Télévision et valeurs

Si la démocratie incarne la tension permanente entre les urnes et les principes, la télévision triche sur le nombre, ignore les principes et instrumentalise les valeurs. Elle les utilise comme des marchandises au rythme d’une prétendue demande populaire et de l’argent que tout cela rapporte. Elle les retourne contre elles-mêmes au nom d’une prétendue proximité, d’une connivence entre programmation et volonté populaire. Ainsi, vous verrez des reportages sur l’affaire Dutroux transformés en véritables films de science fiction avec mises en scène, bruitages et effets spéciaux (ce qui est scandaleux étant donné l’importance et l’horreur de cette affaire), au nom de l’émotion, au nom de la compréhension et de la tristesse que nous avons pour les victimes (les valeurs). De la même manière, vous aurez régulièrement des corps en feu, des enfants déchiquetés, des troncs humains traînés derrière une voiture ou des cadavres dans la poussière au nom de notre volonté d’être informé (les valeurs), autant d’images qui n’informent personne mais qui activent les passions et la haine dans l’incompréhension totale et généralisée. Vous aurez des élus d’extrême droite qui stigmatisent vos proches et les traînent dans la boue, et qui pourront agir de la sorte au nom du pluralisme (les valeurs), vous aurez des consultants en tous genres, des spécialistes «bidon» pour faire durer des reportages sans queue ni tête,…etc. Il en va de cette manière car la tension et l’équilibre entre prétendue volonté populaire (le simulacre) et les principes, sont totalement niés sur le petit écran. Nous sommes aujourd’hui en présence d’un discours quotidien qui ment sur «sa» logique démocratique et sur sa légitimité, et qui utilise ce mensonge pour programmer tout et n’importe quoi, en notre nom et au nom de notre volonté, pour autant que cela rapporte de l’argent.

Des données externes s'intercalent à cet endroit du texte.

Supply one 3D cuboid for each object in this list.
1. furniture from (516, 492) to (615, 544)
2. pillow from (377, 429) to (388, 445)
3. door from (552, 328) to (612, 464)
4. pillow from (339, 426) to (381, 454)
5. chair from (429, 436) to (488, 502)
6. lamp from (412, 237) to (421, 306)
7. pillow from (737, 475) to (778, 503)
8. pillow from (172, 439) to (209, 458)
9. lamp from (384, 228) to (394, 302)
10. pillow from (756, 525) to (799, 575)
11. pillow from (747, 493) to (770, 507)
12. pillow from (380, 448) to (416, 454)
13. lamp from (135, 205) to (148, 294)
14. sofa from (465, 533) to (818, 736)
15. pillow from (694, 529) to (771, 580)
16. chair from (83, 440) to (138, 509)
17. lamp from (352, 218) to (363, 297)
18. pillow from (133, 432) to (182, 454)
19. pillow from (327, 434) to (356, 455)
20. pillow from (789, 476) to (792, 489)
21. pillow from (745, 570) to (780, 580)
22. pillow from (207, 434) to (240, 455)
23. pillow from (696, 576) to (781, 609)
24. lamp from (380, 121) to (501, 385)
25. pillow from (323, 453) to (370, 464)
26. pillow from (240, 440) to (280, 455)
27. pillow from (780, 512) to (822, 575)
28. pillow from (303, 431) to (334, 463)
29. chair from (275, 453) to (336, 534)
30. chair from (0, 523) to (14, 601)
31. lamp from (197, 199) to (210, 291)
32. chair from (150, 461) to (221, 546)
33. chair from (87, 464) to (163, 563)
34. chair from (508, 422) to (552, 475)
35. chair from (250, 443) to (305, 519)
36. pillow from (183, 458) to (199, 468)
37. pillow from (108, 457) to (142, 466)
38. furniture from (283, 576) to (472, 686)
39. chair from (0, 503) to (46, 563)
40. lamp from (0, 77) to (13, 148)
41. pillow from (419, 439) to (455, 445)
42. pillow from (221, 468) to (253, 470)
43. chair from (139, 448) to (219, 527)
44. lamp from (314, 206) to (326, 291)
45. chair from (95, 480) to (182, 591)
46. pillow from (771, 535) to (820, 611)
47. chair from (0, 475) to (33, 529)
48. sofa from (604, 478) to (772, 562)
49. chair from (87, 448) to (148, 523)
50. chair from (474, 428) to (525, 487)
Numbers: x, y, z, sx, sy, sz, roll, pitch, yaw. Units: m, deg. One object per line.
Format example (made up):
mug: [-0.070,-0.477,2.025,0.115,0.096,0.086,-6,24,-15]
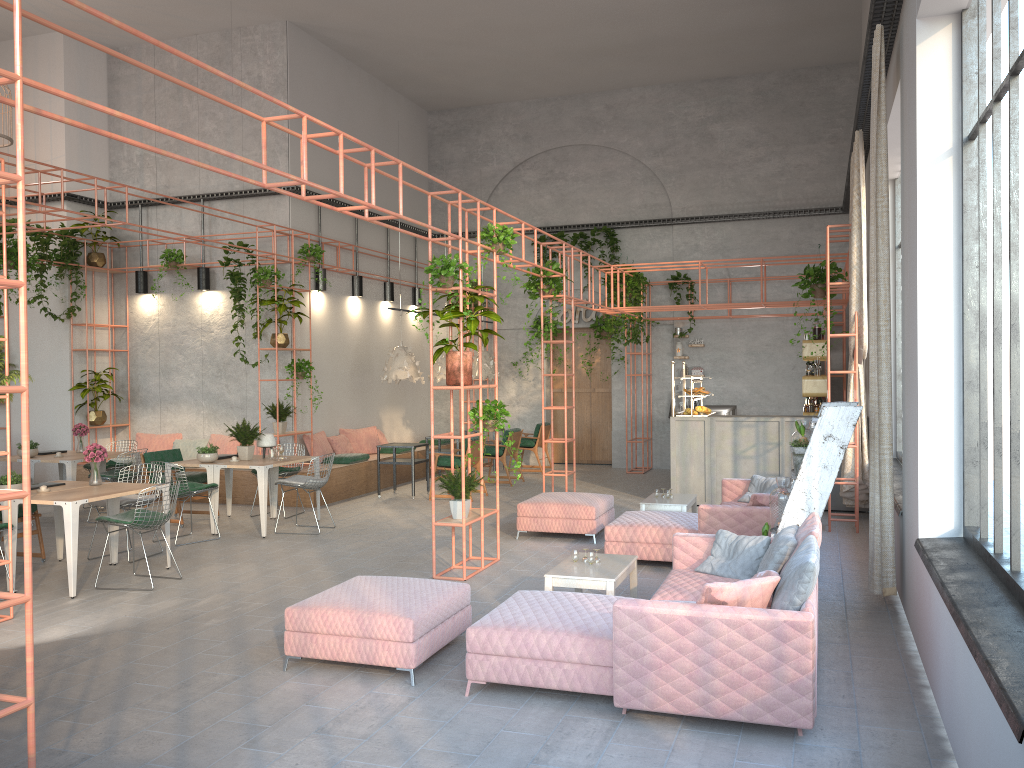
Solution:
furniture: [0.638,1.519,10.304,0.941,0.446,0.976,0,1,19]
pillow: [-2.391,1.014,15.839,0.289,0.385,0.666,0,1,15]
door: [1.510,0.236,18.141,1.360,2.729,0.551,0,1,19]
pillow: [-2.582,0.979,15.223,0.276,0.474,0.839,0,1,40]
chair: [-0.795,1.254,13.334,0.685,0.929,0.722,0,1,19]
lamp: [-1.909,-2.280,17.707,0.185,1.425,0.179,0,1,19]
pillow: [2.737,1.162,9.635,0.307,0.324,0.500,-1,1,-36]
pillow: [-5.144,1.071,14.111,0.666,0.385,0.289,0,1,15]
lamp: [-2.305,-2.259,16.566,0.185,1.425,0.179,0,1,19]
pillow: [1.783,1.175,5.974,0.289,0.385,0.666,0,1,20]
pillow: [2.358,1.153,8.191,0.495,0.349,0.308,-1,1,-21]
pillow: [-2.039,1.152,15.628,0.491,0.149,0.637,0,1,20]
lamp: [-6.001,-2.185,14.350,0.179,1.425,0.185,0,1,19]
sofa: [0.951,1.471,5.762,1.960,0.672,2.219,0,1,19]
pillow: [1.577,1.223,6.297,0.307,0.324,0.500,-1,1,-36]
chair: [-5.804,1.308,12.839,0.565,0.941,0.717,0,1,20]
lamp: [-2.698,-2.239,15.435,0.185,1.425,0.179,0,1,19]
pillow: [-5.744,1.026,14.341,0.839,0.474,0.276,-1,1,10]
pillow: [-2.812,1.036,14.628,0.289,0.385,0.666,0,1,15]
pillow: [2.942,1.115,9.313,0.289,0.385,0.666,0,1,20]
pillow: [1.399,1.225,5.260,0.441,0.317,0.479,-1,1,1]
pillow: [-4.548,1.019,13.880,0.839,0.474,0.276,0,1,40]
pillow: [1.199,1.214,4.852,0.495,0.349,0.308,-1,1,-21]
lamp: [-1.129,-2.037,15.307,0.704,4.052,4.456,0,1,19]
pillow: [-2.607,1.182,13.993,0.491,0.149,0.637,0,1,20]
pillow: [-3.933,1.063,13.690,0.666,0.385,0.289,0,1,15]
pillow: [1.920,1.143,5.912,0.276,0.474,0.839,0,1,20]
pillow: [-3.043,1.001,14.027,0.276,0.474,0.839,-1,1,10]
chair: [-2.493,1.300,10.711,0.717,0.941,0.565,0,1,15]
chair: [-4.636,1.370,7.521,0.565,0.941,0.717,0,1,35]
lamp: [-4.860,-2.193,13.953,0.179,1.425,0.185,0,1,19]
chair: [-3.739,1.322,10.156,0.565,0.941,0.717,0,1,35]
chair: [-4.034,1.338,9.278,0.565,0.941,0.717,0,1,20]
chair: [0.354,1.194,16.643,0.685,0.930,0.722,0,1,19]
chair: [-3.138,1.290,11.913,0.565,0.941,0.717,0,1,20]
pillow: [-4.960,1.214,13.625,0.637,0.149,0.491,0,1,20]
pillow: [-5.950,1.220,13.969,0.637,0.149,0.491,0,1,20]
furniture: [-0.871,1.598,5.960,0.941,0.446,0.976,0,1,19]
chair: [-5.183,1.362,8.781,0.685,0.917,0.722,0,1,19]
lamp: [-7.077,-4.950,11.623,0.883,3.476,0.883,-1,1,-18]
pillow: [-1.457,1.122,17.302,0.491,0.149,0.637,0,1,20]
pillow: [-3.999,1.208,13.291,0.637,0.149,0.491,0,1,20]
chair: [-4.286,1.315,11.416,0.685,0.917,0.722,0,1,19]
lamp: [-3.094,-2.218,14.294,0.185,1.425,0.179,0,1,19]
chair: [-3.389,1.347,8.075,0.717,0.941,0.565,0,1,15]
pillow: [1.612,1.160,5.060,0.273,0.476,0.836,0,1,20]
chair: [-6.406,1.339,11.083,0.565,0.941,0.717,0,1,35]
sofa: [2.111,1.410,9.101,1.960,0.672,2.219,0,1,19]
chair: [-5.159,1.317,11.637,0.717,0.941,0.565,0,1,15]
chair: [-0.214,1.224,15.006,0.685,0.930,0.722,0,1,19]

Démocratie d’opinion et régimes démocratiques

Ce qui pose problème ici, c’est la prétention démocratique de la télévision, sa prétention à représenter la population. C’est la légitimité qu’elle prétend avoir au nom d’un nombre, d’une masse qu’elle ne représente en rien, pas même avec les quelques individus sondés dans le cadre de la mesure technique de l’audience à domicile, et encore moins avec le micro-trottoir, ses trois «pour» et ses deux «contre». Ce qui est grave fondamentalement, c’est l’imprécision qui règne entre simulacre de démocratie à la télévision et fonctionnement réel de notre démocratie au quotidien. Le problème se situe au niveau de la confusion dans les esprits entre un régime de télévision basé sur le (faux) nombre et sur les passions («Ils veulent, ils auront! Et tout de suite!»), et un système politique démocratique concret! Le vrai, le nôtre, celui qui nous concerne tous, un système basé certes sur les urnes mais aussi, et peut-être principalement, sur des valeurs et des principes. Autant d’éléments qui ne pourront être balayés par la force du nombre comme le veut la télévision et comme elle l’exige dans sa programmation. À la télévision, au nombre, au sondage permanent et au simulacre de représentativité, notre régime démocratique leur substitue le temps, la réflexion, la discussion et l’élaboration des choix, le respect, la tolérance, la liberté et l’égalité, autant de caractéristiques qui séparent l’organisation de notre société de la programmation de TF1, RTL, AB3 et du service public qui singe pathétiquement ces dernières. La démocratie n’est pas un sondage permanent qui se limite au nombre et triche sur ce dernier. Mais elle risque de le devenir si dans nos esprits, et dans l’esprit de nos élus, il faut toujours coller à l’opinion cet « avis » collectif imprécis, changeant, instable, nébuleux, passager et éphémère.